Google said its data centres in Taiwan and Singapore have gone online to cater to the growing number of Internet users in Asia.
The Internet giant said in 2011 that it planned its first Asian data centres in Hong Kong, Taiwan and Singapore, but has since backed away from Hong Kong citing the inability to scale its operations there. "Unfortunately, there is a lack of land for expansion in Hong Kong," said Google spokesman Taj Meadows.
The data centre in Changhua County, Taiwan, is the larger of the two Asian facilities. Google will invest US$600 million there, wrote Joe Kava, VicePresident, Data Centres, Google, in a blog post on Tuesday. This is twice the $300 million investment the company had announced when it broke ground for the centre, Meadows said. The data centre employs 60 full-time staff besides part-time and full-time contract staff.
At the Taiwan data centre the cooling system chills water at night, when ambient temperatures are lower, storing it in large insulated tanks before pumping it through the facility to cool servers during the day, he said.
Demand for the data centres is being driven by mobile Internet users. "Between July and September of this year alone, more than 60 million people in Asia landed on the mobile internet for the first time," wrote Kava, citing data from an Ericsson report in November. "That's almost two Canadas, or three Australias," Kava wrote. The growth in Asia is not likely to slow for some time as the majority of people that have yet to come online are in Asia, he added.
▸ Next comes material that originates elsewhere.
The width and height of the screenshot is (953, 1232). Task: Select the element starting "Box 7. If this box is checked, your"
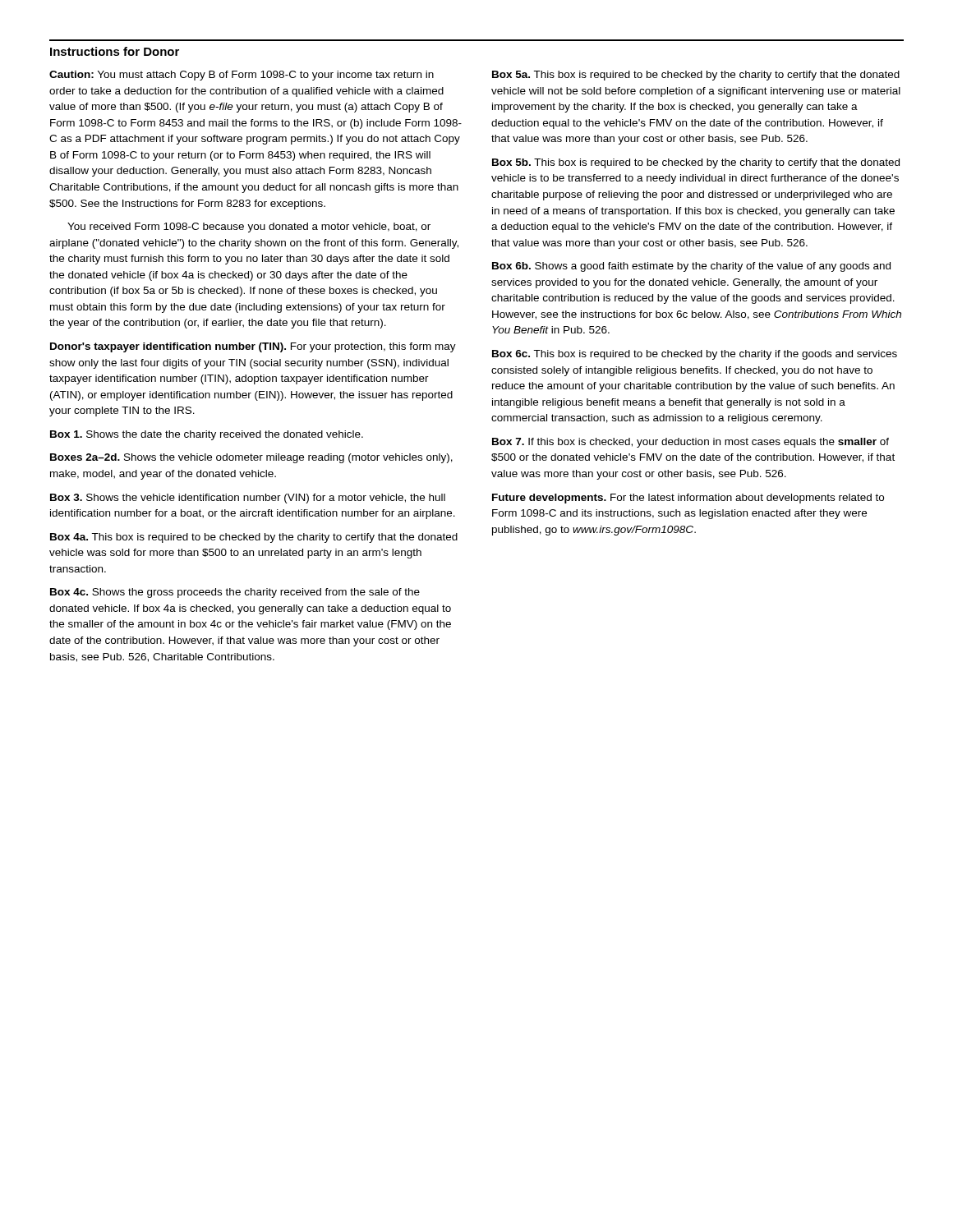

While the Taiwan data centre is on 15 hectares of land, the Singapore data centre in Jurong West is built on a smaller area of close to 2.5 hectares. It is designed as Google's first urban, multi-story data centre, and is in the neighborhood of a local primary school and publicly-run housing. Google announced an investment of $120 million in the Singapore data centre when breaking ground at the site, Meadows said.